Lo que necesitaba era tiempo, tiempo para que oscureciera, y todo lo que había dicho, lo que había brotado de él, todo el veneno de aquellas viejas heridas…

Sin embargo, cuando notó que el vino invadía cálidamente su cuerpo y una fatiga inmensa y dulce se apoderaba de él, no le importó.

Lo que le importaba era la injusticia de todo aquello, una injusticia implacable y brutal que se había prolongado durante años. Mentiras y acusaciones que nunca tocaban a su fin, y por todo eso había pagado. Y tanto que había pagado. Ése era el misterio que encerraba: cada vez que lo había intentado le había costado tan caro que al final no merecía la pena. Oh, ¿le había sido permitido disfrutar de algo que no le hubiera costado juventud, sangre e interminables disputas? ¿Cuándo había hallado un poco de comprensión, algún momento en que pudiera confiar en la imparcialidad de un juez?

– ¿Qué sabes tú de eso? -dijo-. De todos aquellos años en Istanbul, lejos de ella, mientras a ti te mimaban y te consentían, y luego volver a casa y que ella me acusara, sí, me acusara. Nunca me creyó, ¿sabes? Siempre era Tonio y sólo Tonio. Le supliqué miles de veces que dejara el vino, recurrí a médicos y enfermeras para que la examinaran y la cuidaran. ¿Hubo algo que no le diera?
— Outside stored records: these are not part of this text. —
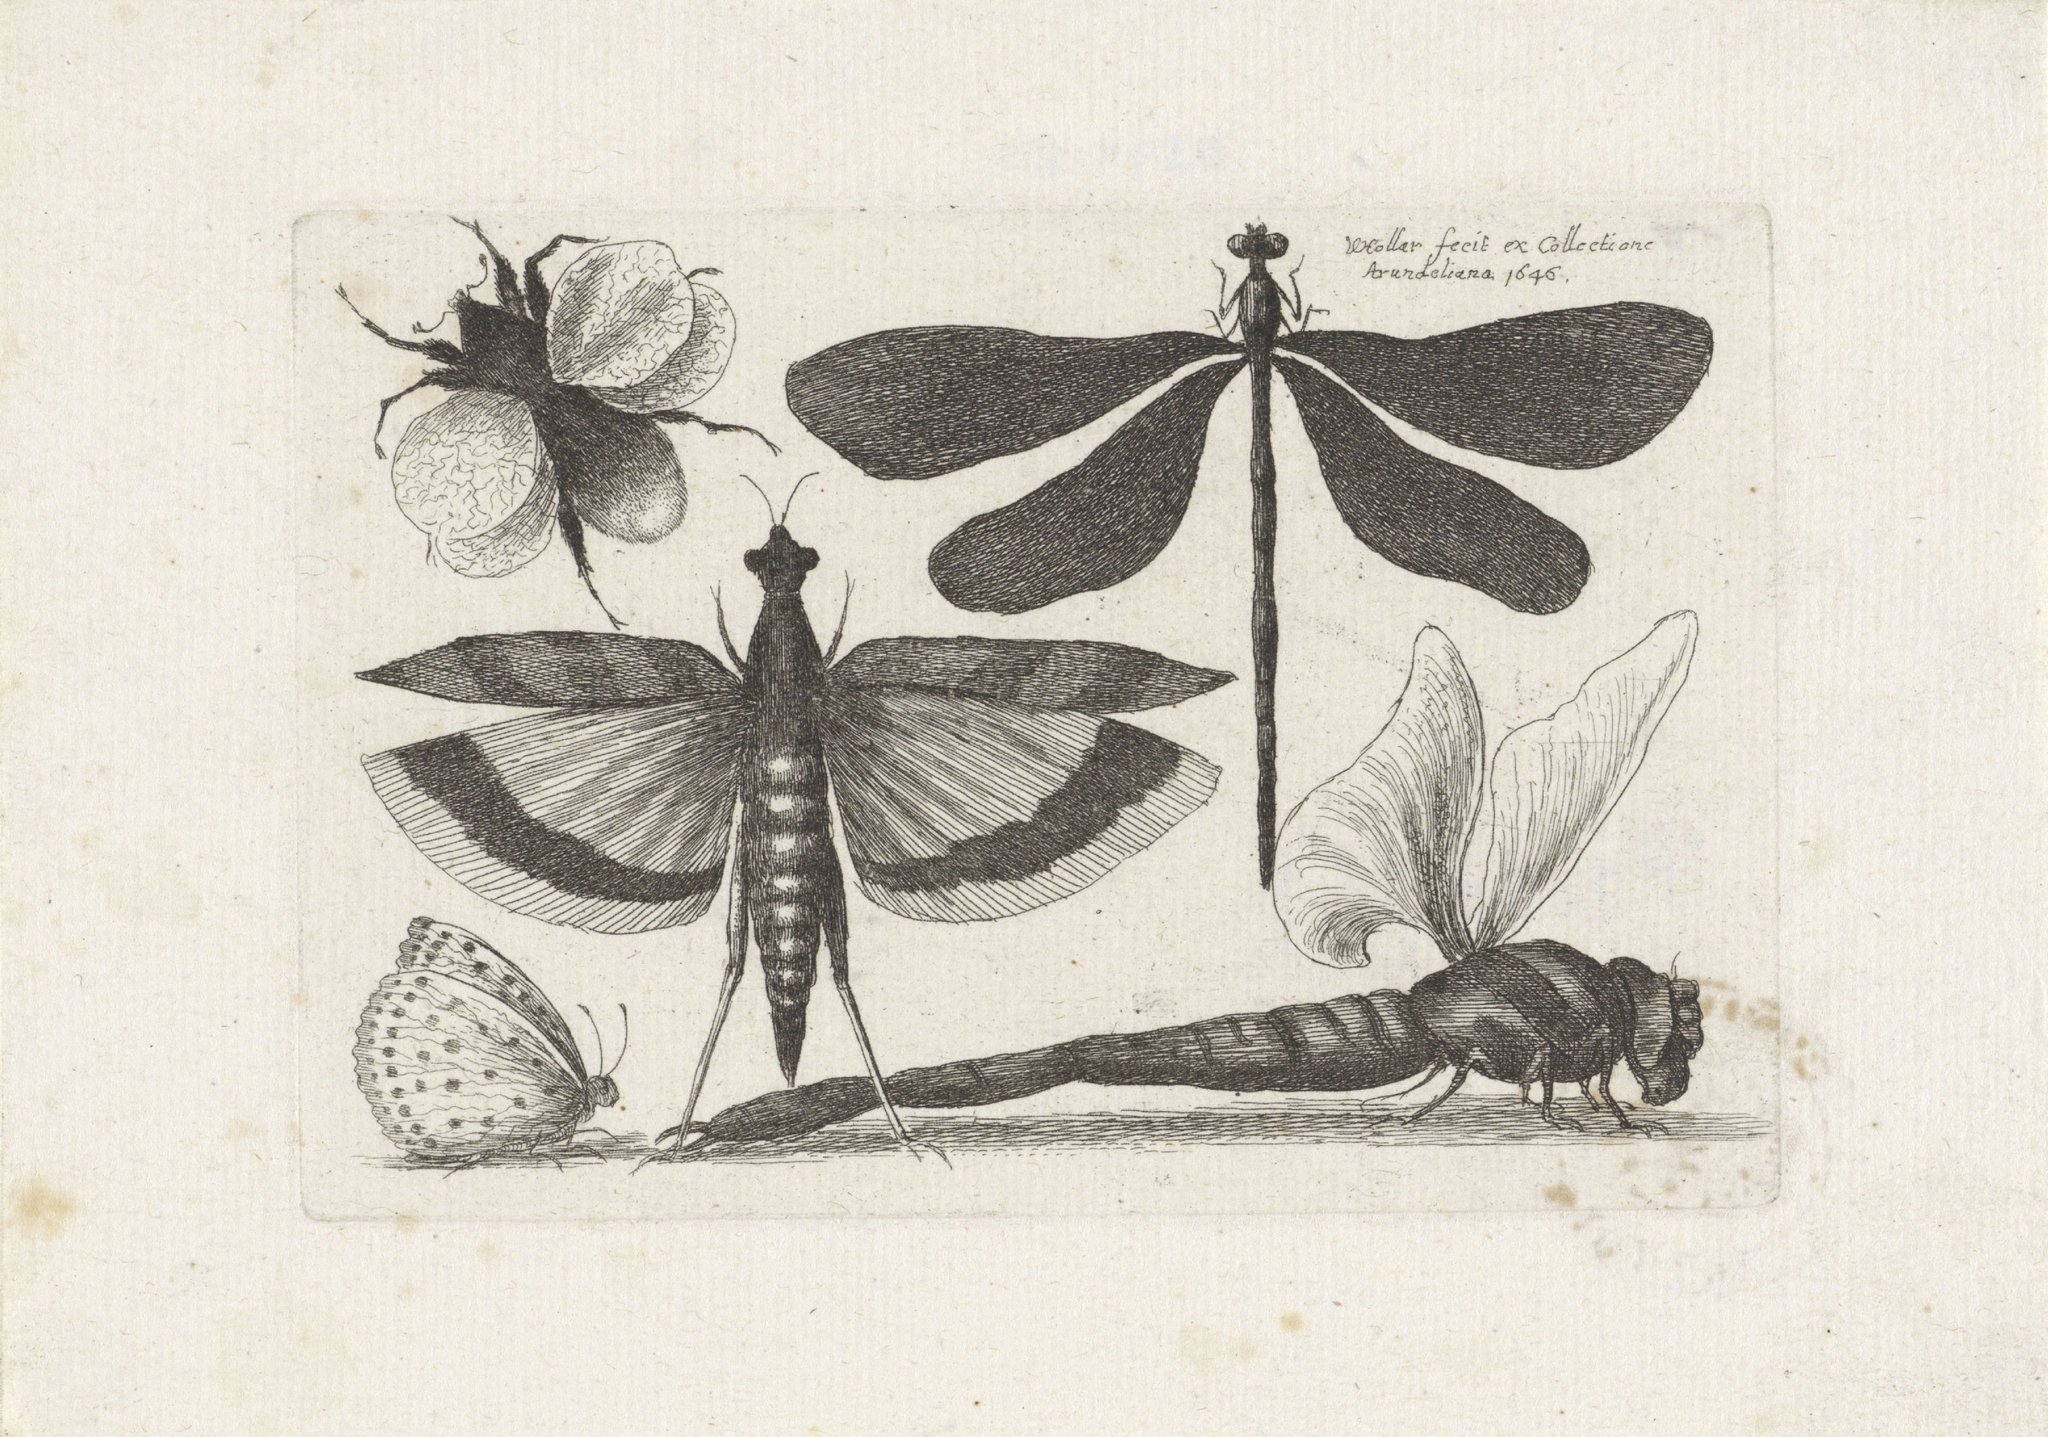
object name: print
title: Muscarum Scarabeorum
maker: wenceslaus hollar
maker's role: draughtsman, print maker
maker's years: 1607-1677
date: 1646
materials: paper
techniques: etching
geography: antwerp
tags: insects: dragon-fly, insects: butterfly, insects: bumblebee
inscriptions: collector's mark: Lugt 240
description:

Joyas, la moda de París, criadas que la servían, las mejores institutrices para nuestros hijos. ¡Todo se lo di! ¡Pero lo único que ella quería era a Tonio y el vino, y fue el vino lo que la llevó a la tumba, y en su lecho de muerte preguntó por ti!

Contempló a Tonio. ¿Qué era esa expresión en su rostro? ¿Incredulidad? ¿Dolor inesperado? No lo sabía, no le importaba.

– Saber eso debe producirte placer, sin duda -dijo con amargura al tiempo que se inclinaba otra vez hacia delante. La cabeza le pesaba demasiado, dejó que el vino fresco y claro se le desparramara en la boca-. Y sus últimos días… ¿Sabes qué me dijo? Que la había destrozado, que la había llevado a la locura y a la bebida, y que le había quitado a su hijo, su único consuelo. ¡Eso fue lo que me dijo!